Puerta del Sol
Spain's symbolic Kilometre Zero — the half-moon plaza where the country counts in the New Year, eating twelve grapes with the chimes of the Real Casa de Correos clock.
The call
Worth it for the right traveler.
Why
- 01
Less a sight than the city's living switchboard: the point every road in Spain measures from, the spot where Madrileños mass on December 31st to eat a grape on each of the twelve bell-strokes, and the everyday meeting place under the bear-and-strawberry-tree statue (the city's heraldic emblem, El Oso y el Madroño).
Our read - 02
You feel the centrality more than you photograph it.
Our read
Is it a fit?
Think twice if
You are watching the budget
Puerta del Sol can strain a tight budget. Go only when it is a priority.
You only have one day
Keep Puerta del Sol only when it outranks a half-day elsewhere.

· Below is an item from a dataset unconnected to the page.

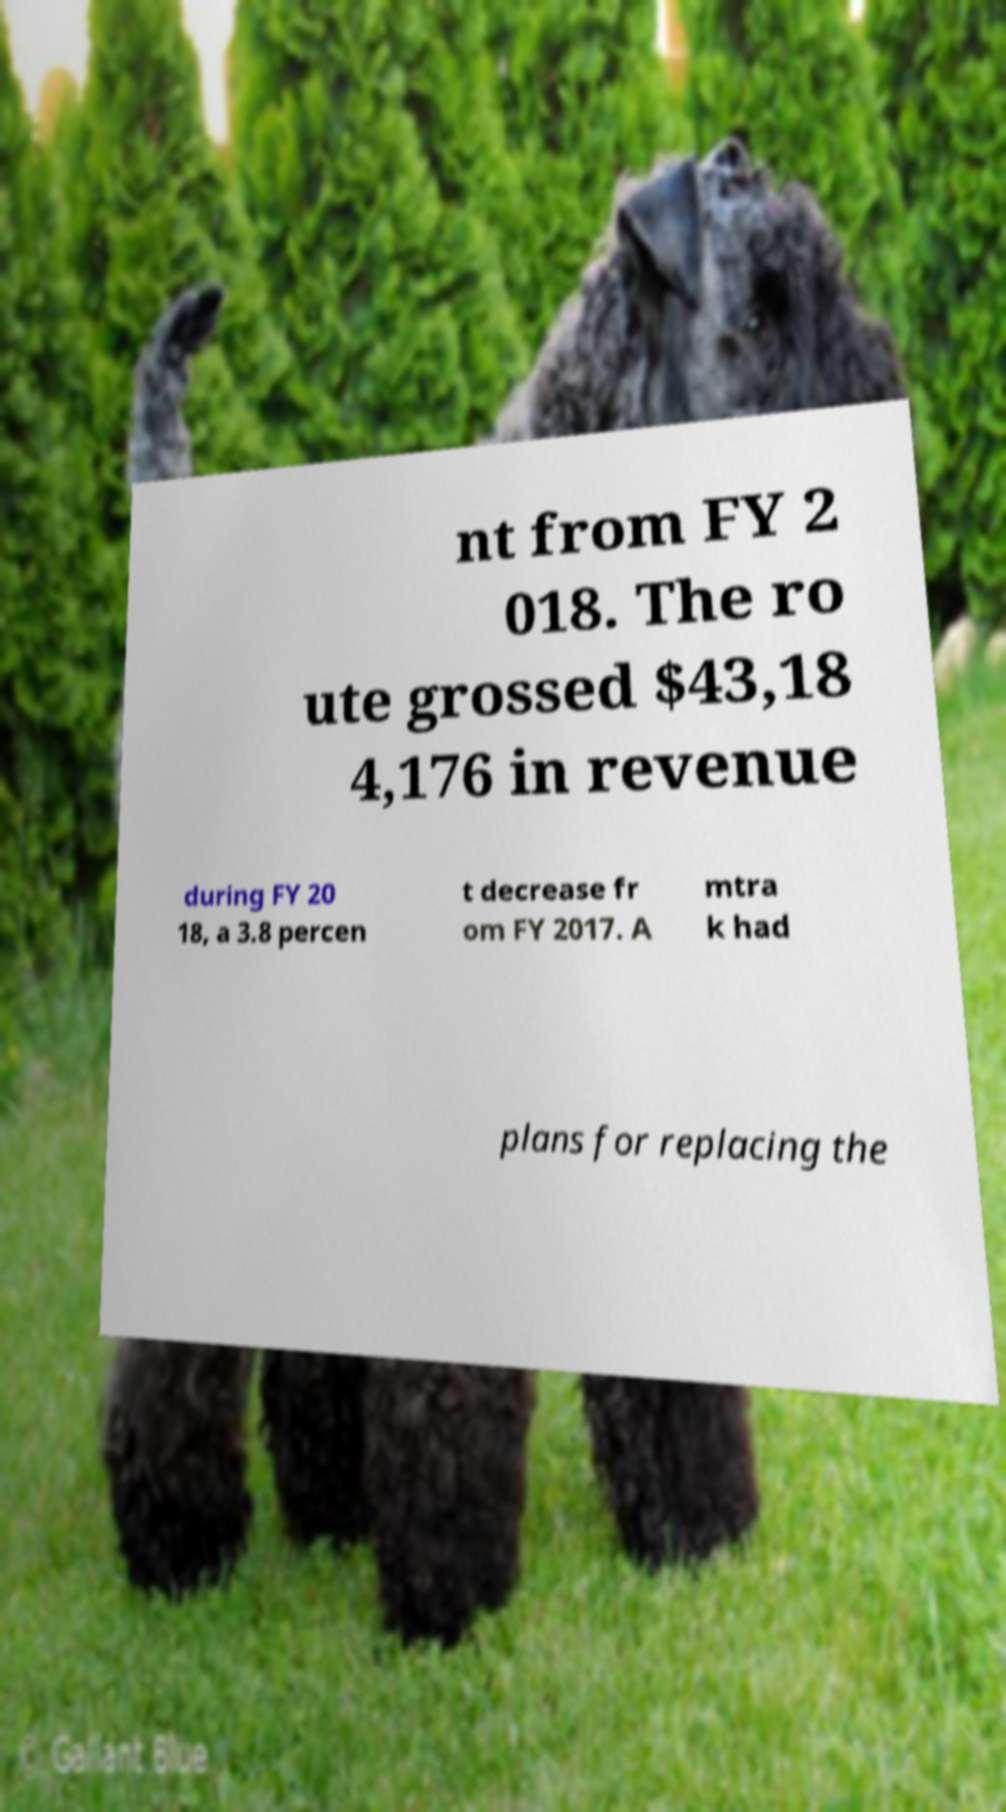There's text embedded in this image that I need extracted. Can you transcribe it verbatim? nt from FY 2 018. The ro ute grossed $43,18 4,176 in revenue during FY 20 18, a 3.8 percen t decrease fr om FY 2017. A mtra k had plans for replacing the 
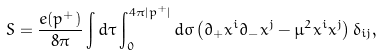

You are traveling with kids
With kids, Puerta del Sol needs the right timing and tolerance.
You are traveling as a couple
As a couple, Puerta del Sol needs the right timing and tolerance.
Plan it well
- Cost
- Free
- Timing
- Pass through any time; it never really quiets down.
- Allow
- 10–20 minutes
- Accessibility
- Flat, pedestrianised and fully step-free.
- Getting there
- Metro Sol is a major hub on lines 1, 2 and 3.